• Chris LeBeau

4 points of focus for your remote workforce

Many organizations who are used to having a workforce that primarily comes into the office are facing a tough new normal of managing a remote workforce. If your organization is used to operating primarily from an office, reviewing aspects like how you structure and manage your people as well as corporate policies and procedures can prove invaluable to make sure your people feel engaged and supported during this trying time. Let’s talk about a handful of places to begin.

The remote office: for many of us, computers, tablets and smartphones serve as the primary tools for getting our work done and are of course portable. Yet it would be a mistake to assume once these are in-hand, your people are good-to-go

  • What kind of workspace do they have? Are there any ways to reduce distractions or make them more physically comfortable?
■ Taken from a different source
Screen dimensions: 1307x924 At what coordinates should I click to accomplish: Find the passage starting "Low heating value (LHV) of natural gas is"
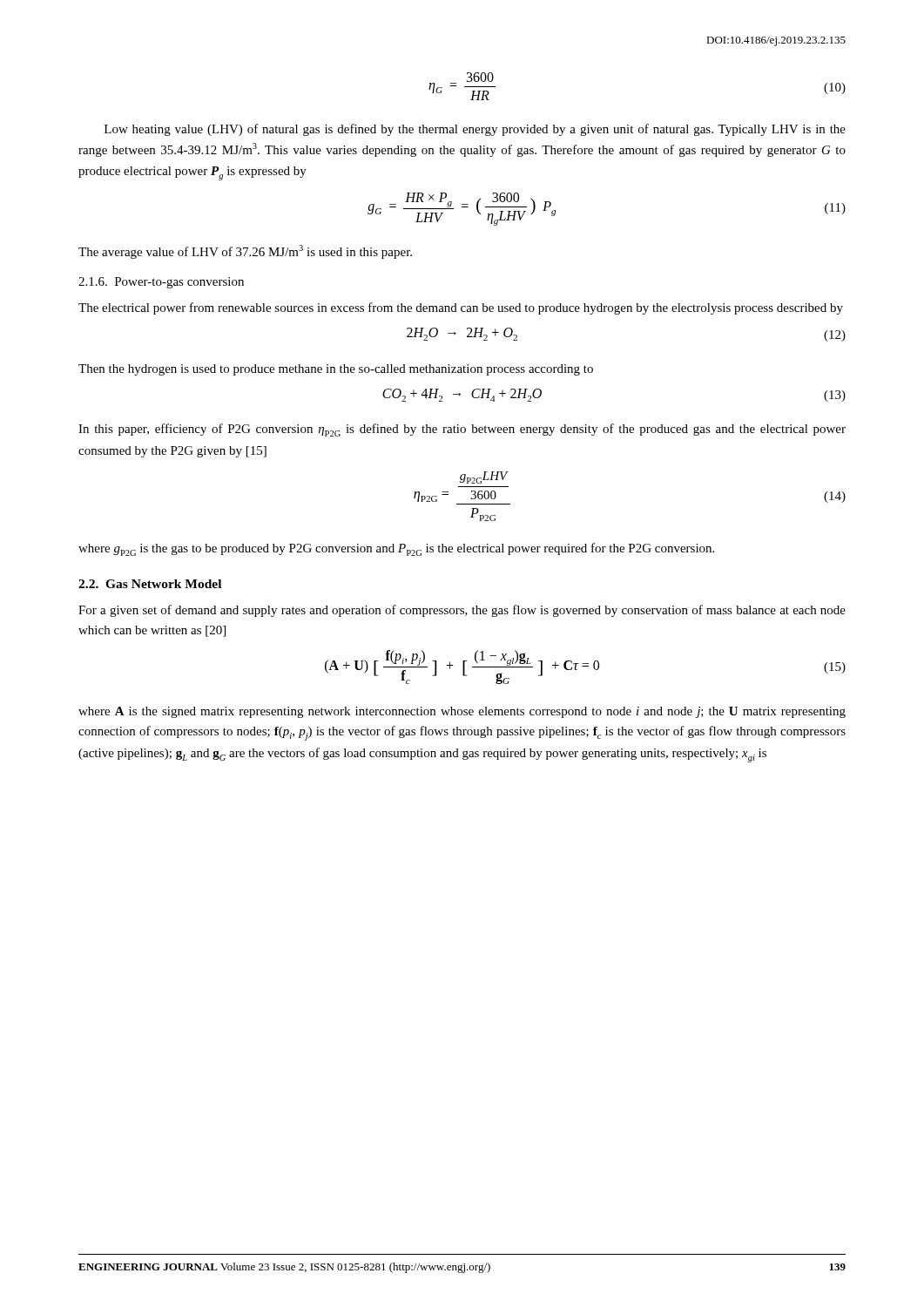click(462, 151)

  • What is their internet connection like? Do they typically have a mouse, keyboard or additional monitor?

  • Is accessing internal documents relatively simple when remote or overly complex?

The cost vs. investment: Addressing any of these things may require small investments on your part but once you have asked your people what they have compared to what they typically rely on, it's valuable to weigh what it may be costing you if works tasks are regularly taking them 25% or 50% longer.

Deadlines and deliverables: Another item to consider is a move to making organizational, department and individual priorities clearer. As I heard one culture consultant put it, "when your people are working remotely think of them more like consultants.” When you rely on a consultant, standard operating procedure typically involves providing them a clear scope of work along with deadlines and deliverables expected. When this is paired this with regular touch bases, it ensure you are both aligned on priorities, the value it will provide and the opportunity to discuss and remove barriers. Many cultures do not clarify what is of greatest importance, this leave employees unfocused and half-addressing too many items at once.

Next is communication: There are many mediums available, which can be useful when deployed well and overwhelming when not. If people feel compelled to constantly check their email, chat tools, texts and other mediums, complex work is not getting done. Cal Newport highlights this on his deep work to shallow work comparison. Take this time to ask your people what each communication tool should and should not be used for. Which are for timely communications and where do non-urgent messages go? Your role then as a leader is to follow these rules yourself and nudge your people back to them if they veer off course. Key things to keep in mind

  • If you spot ambiguity or angst among your people due to the lack of inflection available in electronic communication, they should get on the phone or a video call to clear things up.

  • No multi-tasking while on video or phone calls. If you or your people are looking at devices or other work to be done during a meeting, you diminish its importance, which ripples across your team. This moment in time is an opportunity to reset bad behaviors.

  • Establish a regular cadence of check-ins with your team and individually through 1:1s. Remember, if the deadlines and deliverables are clear there is no need to micromanage them but you should be checking in to see how they are doing.

  • What daily or weekly messaging are you providing your people to humanize this moment? Everyone is figuring this all out one day at a time and the more you share, the more your people will be reminded they're not alone.

Finally, broader engagement issues are important:

  • Schedule time on the front end of meetings if people need to vent about present frustrations or talk about how they’re coping with cabin fever and the new normal.

  • Ask your people directly or via survey, "what do you miss about being in the office? What about being at home has been nice?" These questions can help you figure out what is missing and what might be helping be a better employee when remote.

  • Flexible schedules and breaks are key. Some of your people are working at home with a partner / spouse and potentially children. Are you providing them a level of flexibility to best manage this new normal? Schedule walks on your calendar, time to play with your kids or time for an actual lunch break. If people see you doing this they will follow suit.

  • At the office we may “chat by the water cooler” during the day or after a meeting. Create channels on a platform like Slack for casual conversation. When your people feel like they can unplug for a few minutes they will be more engaged.

So much of the early stages of this moment requires patience and willingness to roll with punches. But in the long run, remote work may provide you with an opportunity to reset or reaffirm your culture. As you build out a more robust remote work arm of your organization, the real test is making sure it mirrors and builds upon what is already going well.